1. **Retrieval**: Using a vector search engine (like Qdrant) to retrieve relevant chunks of text or documents from a large corpus based on a given query. This step helps in identifying the most pertinent information related to the query.

2. **Generation**: Feeding the retrieved text chunks into a generative model (like OpenAI's GPT) to generate a coherent and contextually relevant response. The generative model uses the retrieved context to produce answers that are more accurate and specific to the query.

RAG effectively bridges the gap between information retrieval and text generation, providing a more effective way to answer questions based on large-scale textual data.

## Installation

To run this project, you'll need to install the required Python packages.
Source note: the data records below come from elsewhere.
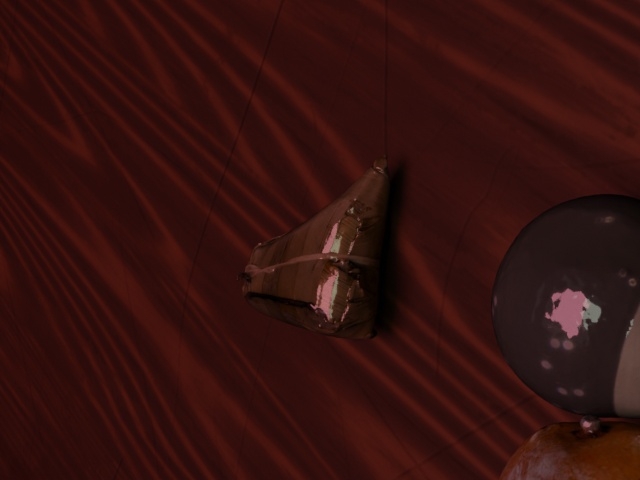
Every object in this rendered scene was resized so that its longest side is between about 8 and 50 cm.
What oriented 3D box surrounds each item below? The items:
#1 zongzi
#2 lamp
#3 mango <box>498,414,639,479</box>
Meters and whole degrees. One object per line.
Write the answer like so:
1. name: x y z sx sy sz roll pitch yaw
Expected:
1. zongzi: 0.000 0.000 1.392 0.194 0.099 0.197 9 87 50
2. lamp: 0.269 0.084 0.993 0.314 0.182 0.181 38 119 42
3. mango: 0.250 0.317 0.989 0.222 0.199 0.384 -13 102 25
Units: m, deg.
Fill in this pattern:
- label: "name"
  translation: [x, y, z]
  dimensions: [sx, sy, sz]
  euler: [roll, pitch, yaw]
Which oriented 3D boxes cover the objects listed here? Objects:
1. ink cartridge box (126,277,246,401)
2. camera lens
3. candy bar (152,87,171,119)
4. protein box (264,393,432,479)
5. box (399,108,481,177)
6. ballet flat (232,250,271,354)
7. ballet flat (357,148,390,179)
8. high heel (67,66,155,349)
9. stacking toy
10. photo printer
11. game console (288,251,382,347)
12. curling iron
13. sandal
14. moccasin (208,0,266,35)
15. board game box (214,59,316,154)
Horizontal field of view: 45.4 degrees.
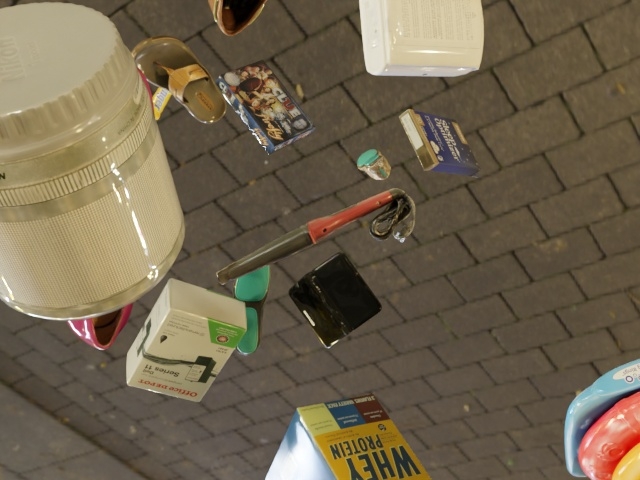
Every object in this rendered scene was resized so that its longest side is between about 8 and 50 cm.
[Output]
- label: "ink cartridge box"
  translation: [-0.249, 0.189, 1.411]
  dimensions: [0.153, 0.087, 0.208]
  euler: [19, 122, -24]
- label: "camera lens"
  translation: [-0.267, -0.070, 0.782]
  dimensions: [0.220, 0.219, 0.274]
  euler: [1, 135, 7]
- label: "candy bar"
  translation: [-0.348, -0.349, 1.741]
  dimensions: [0.040, 0.161, 0.018]
  euler: [29, 165, -8]
- label: "protein box"
  translation: [0.037, 0.362, 1.065]
  dimensions: [0.136, 0.201, 0.199]
  euler: [-3, 130, -34]
- label: "box"
  translation: [0.271, -0.207, 1.660]
  dimensions: [0.036, 0.136, 0.225]
  euler: [-36, 157, 34]
- label: "ballet flat"
  translation: [-0.138, 0.119, 1.485]
  dimensions: [0.074, 0.074, 0.203]
  euler: [7, 93, 2]
- label: "ballet flat"
  translation: [0.139, -0.188, 1.969]
  dimensions: [0.073, 0.206, 0.067]
  euler: [-37, 102, 8]
- label: "high heel"
  translation: [-0.276, -0.044, 1.050]
  dimensions: [0.127, 0.181, 0.377]
  euler: [1, 110, -29]
- label: "stacking toy"
  translation: [0.372, 0.270, 0.732]
  dimensions: [0.175, 0.301, 0.165]
  euler: [-16, 132, -1]
- label: "photo printer"
  translation: [0.239, -0.500, 1.732]
  dimensions: [0.308, 0.256, 0.107]
  euler: [-7, -177, -31]
- label: "game console"
  translation: [0.023, 0.101, 1.293]
  dimensions: [0.122, 0.071, 0.107]
  euler: [55, 138, 8]
- label: "curling iron"
  translation: [0.000, 0.000, 0.966]
  dimensions: [0.274, 0.068, 0.035]
  euler: [-18, 167, -12]
- label: "sandal"
  translation: [-0.227, -0.262, 1.293]
  dimensions: [0.090, 0.060, 0.219]
  euler: [-41, 140, 1]
- label: "moccasin"
  translation: [-0.104, -0.495, 1.301]
  dimensions: [0.139, 0.147, 0.380]
  euler: [5, 154, -31]
- label: "board game box"
  translation: [-0.146, -0.360, 2.047]
  dimensions: [0.243, 0.165, 0.042]
  euler: [52, 139, 6]
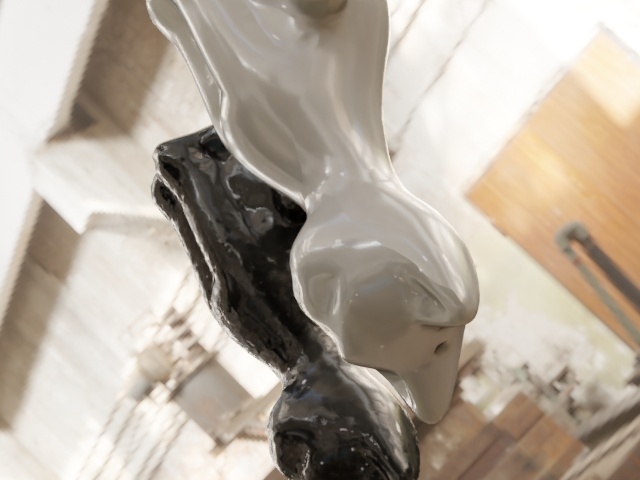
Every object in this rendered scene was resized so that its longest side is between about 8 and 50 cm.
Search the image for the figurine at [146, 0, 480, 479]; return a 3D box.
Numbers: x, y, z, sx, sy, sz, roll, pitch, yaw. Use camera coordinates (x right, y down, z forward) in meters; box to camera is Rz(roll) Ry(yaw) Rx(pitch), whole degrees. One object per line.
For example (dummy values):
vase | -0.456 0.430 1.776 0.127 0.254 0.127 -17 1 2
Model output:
figurine | 0.000 0.000 0.495 0.092 0.209 0.215 -14 -31 -15
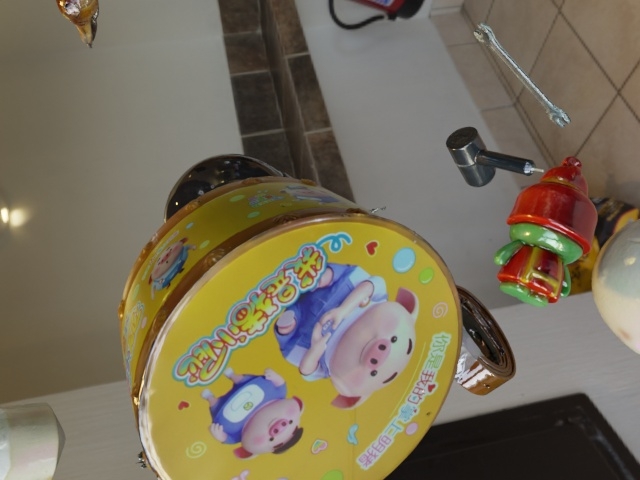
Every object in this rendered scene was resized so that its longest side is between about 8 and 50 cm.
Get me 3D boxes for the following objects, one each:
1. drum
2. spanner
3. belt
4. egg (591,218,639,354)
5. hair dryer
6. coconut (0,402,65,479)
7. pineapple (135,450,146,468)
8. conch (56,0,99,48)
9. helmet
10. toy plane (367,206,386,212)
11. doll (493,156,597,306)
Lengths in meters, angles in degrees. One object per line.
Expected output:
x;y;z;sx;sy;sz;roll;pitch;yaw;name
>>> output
-0.044;0.134;0.690;0.214;0.431;0.431;-142;42;-58;drum
0.443;-0.360;1.146;0.302;0.017;0.071;45;-175;-6;spanner
0.349;0.238;1.256;0.105;0.184;0.261;-50;61;39;belt
0.577;0.069;0.855;0.162;0.206;0.271;58;-144;-74;egg
0.363;-0.157;1.063;0.124;0.071;0.219;47;169;-33;hair dryer
-0.742;0.510;1.285;0.241;0.241;0.241;171;90;-82;coconut
-0.351;0.454;1.287;0.251;0.125;0.125;-54;-24;-36;pineapple
-0.497;-0.480;1.069;0.232;0.080;0.086;2;75;67;conch
-0.155;-0.042;0.846;0.279;0.160;0.230;16;75;50;helmet
-0.004;-0.010;0.973;0.192;0.262;0.088;-29;78;65;toy plane
0.505;-0.036;1.139;0.363;0.182;0.160;-64;-1;-20;doll
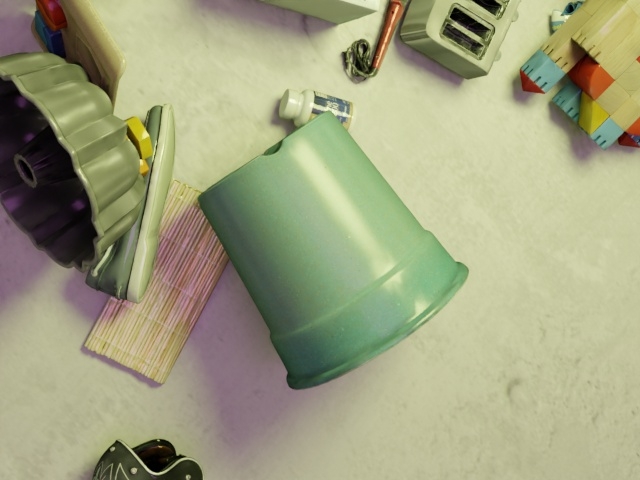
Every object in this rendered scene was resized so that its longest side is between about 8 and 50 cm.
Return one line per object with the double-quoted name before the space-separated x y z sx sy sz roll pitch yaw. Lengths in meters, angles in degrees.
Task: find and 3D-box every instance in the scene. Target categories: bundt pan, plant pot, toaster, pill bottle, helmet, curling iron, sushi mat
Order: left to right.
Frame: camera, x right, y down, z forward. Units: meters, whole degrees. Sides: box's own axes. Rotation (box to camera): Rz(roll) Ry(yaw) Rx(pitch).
"bundt pan" -0.374 -0.126 1.312 0.124 0.331 0.330 -36 106 -35
"helmet" -0.283 0.397 1.464 0.162 0.169 0.169 -4 97 -33
"sushi mat" -0.251 0.068 1.511 0.151 0.019 0.316 28 88 -17
"pill bottle" -0.005 -0.214 1.529 0.120 0.067 0.067 14 92 -18
"plant pot" 0.000 0.000 1.433 0.341 0.341 0.334 -35 98 -10
"curling iron" 0.116 -0.399 1.562 0.068 0.035 0.274 27 88 -18
"toaster" 0.238 -0.389 1.555 0.186 0.110 0.168 26 88 -22

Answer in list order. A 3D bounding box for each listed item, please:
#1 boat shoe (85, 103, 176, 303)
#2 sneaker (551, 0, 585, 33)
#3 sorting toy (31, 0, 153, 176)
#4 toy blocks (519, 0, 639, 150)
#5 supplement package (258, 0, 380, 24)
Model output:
"boat shoe" -0.297 -0.064 1.434 0.099 0.116 0.319 11 91 2
"sneaker" 0.484 -0.413 1.663 0.144 0.053 0.059 -24 100 -14
"sorting toy" -0.334 -0.238 1.307 0.041 0.229 0.307 -30 87 -25
"toy blocks" 0.537 -0.286 1.621 0.381 0.190 0.261 34 109 -29
"supplement package" -0.017 -0.446 1.433 0.203 0.194 0.149 11 93 -18

Use the following commands to set up your environment:

```bash
pip install langchain openai tiktoken qdrant-client langchain_openai pypdf langchainhub langchain_community langchain-groq
```

## Project Structure

- **`OpenAI-End-to-End-App-with-RAG.ipynb`**: The main Jupyter Notebook containing the code for the RAG app.
- **`thousandsplendidsuns.pdf`**: A sample PDF document used for testing the app (replace with your own document).
- **`README.md`**: This file.

## Usage

### 1. Load the Document

The app starts by loading a PDF document using the `PyPDFLoader`. The content is split into manageable chunks using `RecursiveCharacterTextSplitter`.

```python
from langchain_community.document_loaders import PyPDFLoader

loader = PyPDFLoader("/content/thousandsplendidsuns.pdf")
documents = loader.load()
```

### 2. Split the Document into Chunks

To efficiently process the document, it's split into chunks of 1000 characters with a 200-character overlap.

```python
text_splitter = RecursiveCharacterTextSplitter(chunk_size=1000, chunk_overlap=200)
texts = text_splitter.split_documents(documents)
```

### 3. Generate Embeddings and Store them in Qdrant

Using OpenAI's embedding model, embeddings are generated for each chunk of text and stored in a Qdrant vector database.

```python
embeddings_model = OpenAIEmbeddings(model='text-embedding-3-small', openai_api_key=openai_api_key)

qdrant = Qdrant.from_documents(
texts,
embedding=embeddings_model,
url=qdrant_url,
prefer_grpc=True,
api_key=qdrant_api_key,
collection_name="llm-app"
)
```

### 4. Retrieve Relevant Documents

The app uses Qdrant's vector search to retrieve the most relevant chunks of text for a given query.

```python
retriever = qdrant.as_retriever(search_kwargs={"k": 5})
query = "Who was Marium?"
docs = retriever.get_relevant_documents(query)
```

### 5. Generate Answers with OpenAI's GPT Model

A prompt is created using the retrieved documents, and OpenAI's GPT model generates a concise answer.

```python
prompt = PromptTemplate(
template="""...""", # Template provided in the notebook
input_variables=["context", "question"]
)
llm = ChatOpenAI(model_name="gpt-4o-mini", temperature=0, openai_api_key=openai_api_key)
```

### 6. Run the RAG Chain

The RAG chain is invoked with a user query to generate the final answer.

```python
rag_chain.invoke("Who was Marium?")
```

## License

This project is licensed under the MIT License. See the [LICENSE](LICENSE) file for details.